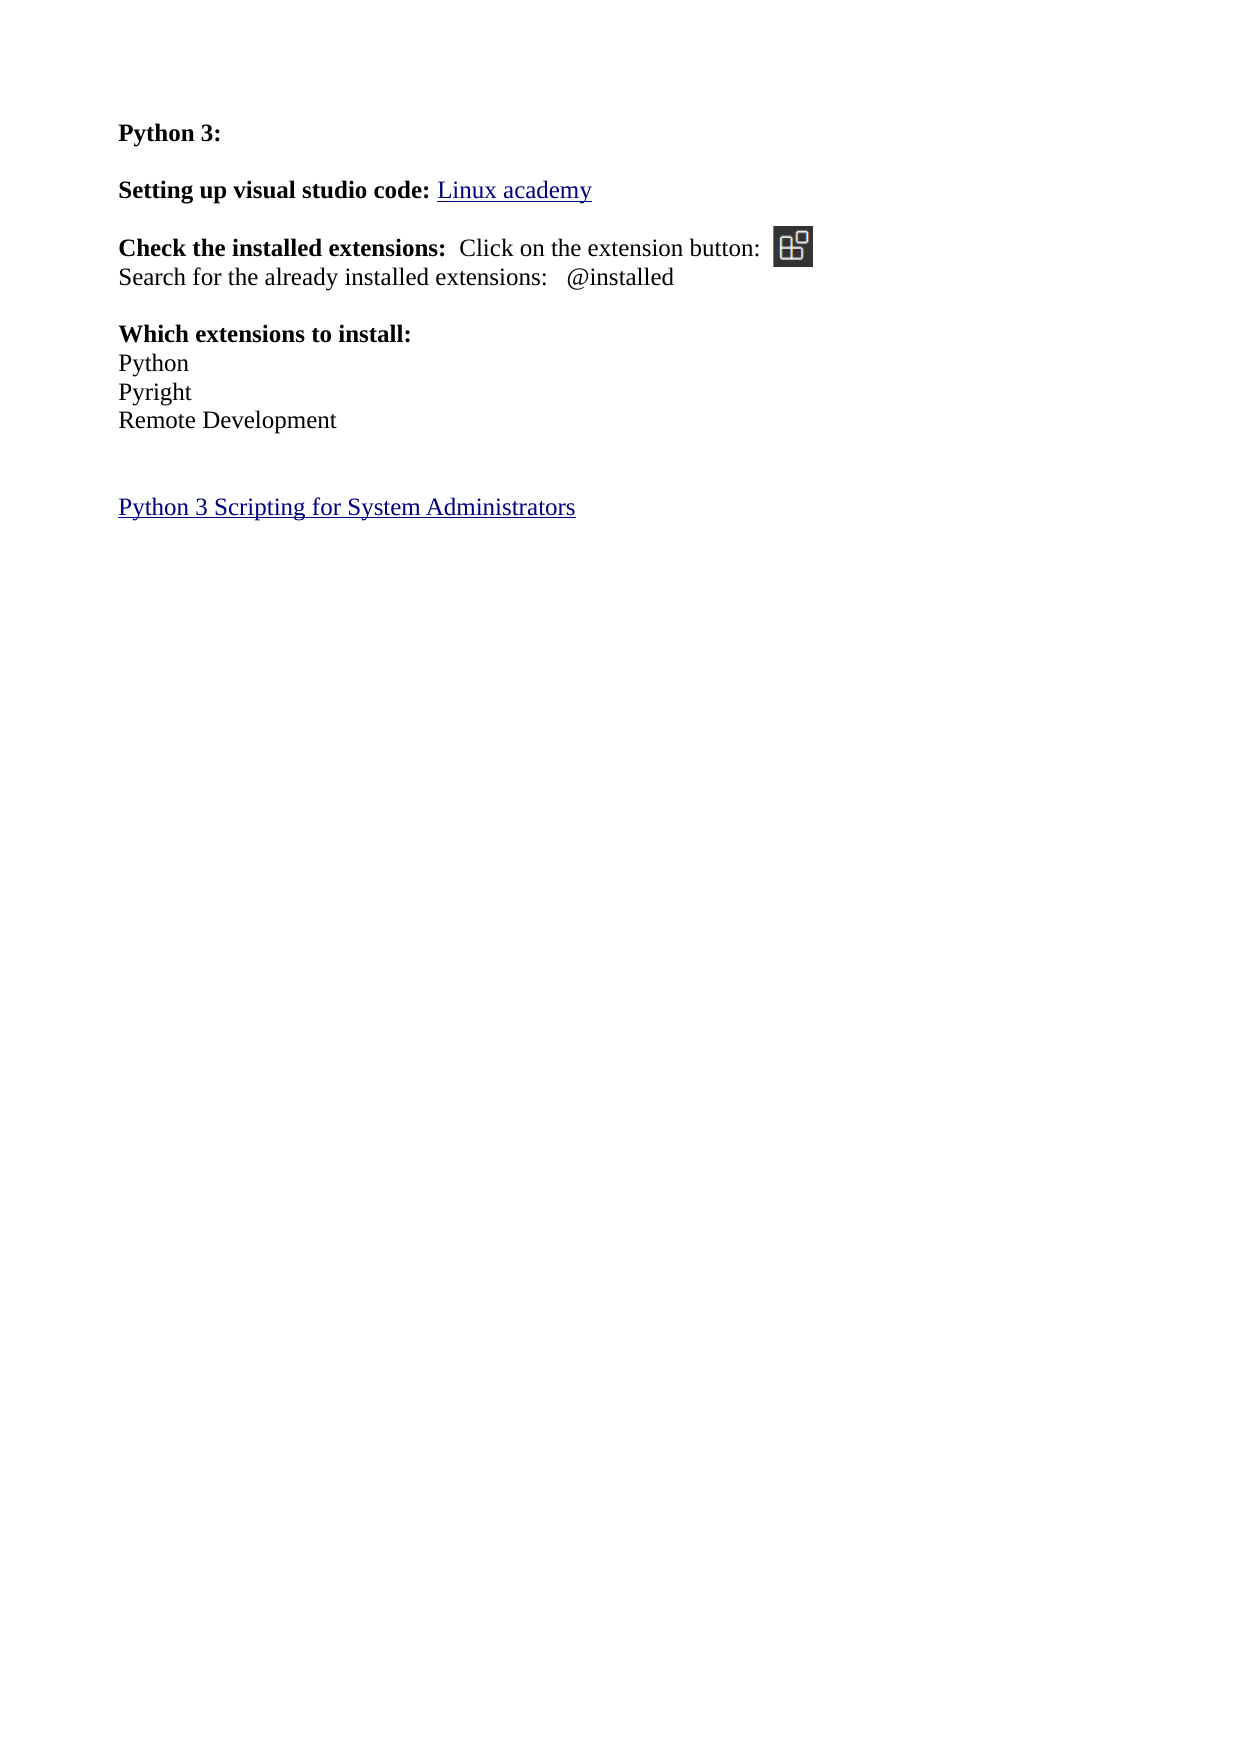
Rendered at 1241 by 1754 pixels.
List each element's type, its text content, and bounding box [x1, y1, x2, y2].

text Remote Development [118, 406, 1122, 434]
text Setting up visual studio code: Linux academy [118, 176, 1122, 204]
text Pyright [118, 377, 1122, 406]
text Check the installed extensions: Click on the extension button: [118, 233, 773, 262]
text Which extensions to install: [118, 319, 1122, 348]
text Search for the already installed extensions: @installed [118, 262, 1122, 291]
text Python 3: [118, 118, 1122, 147]
text Python 3 Scripting for System Administrators [118, 492, 1122, 521]
text [813, 233, 1122, 262]
picture [773, 226, 813, 267]
text Python [118, 348, 1122, 377]

==============================

Prompt =
After locating the line with "List each element's", please repeat it and every line after it exactly, through the end of the data above.

Response below =
List each element's type, its text content, and bounding box [x1, y1, x2, y2].

text Remote Development [118, 406, 1122, 434]
text Setting up visual studio code: Linux academy [118, 176, 1122, 204]
text Pyright [118, 377, 1122, 406]
text Check the installed extensions: Click on the extension button: [118, 233, 773, 262]
text Which extensions to install: [118, 319, 1122, 348]
text Search for the already installed extensions: @installed [118, 262, 1122, 291]
text Python 3: [118, 118, 1122, 147]
text Python 3 Scripting for System Administrators [118, 492, 1122, 521]
text [813, 233, 1122, 262]
picture [773, 226, 813, 267]
text Python [118, 348, 1122, 377]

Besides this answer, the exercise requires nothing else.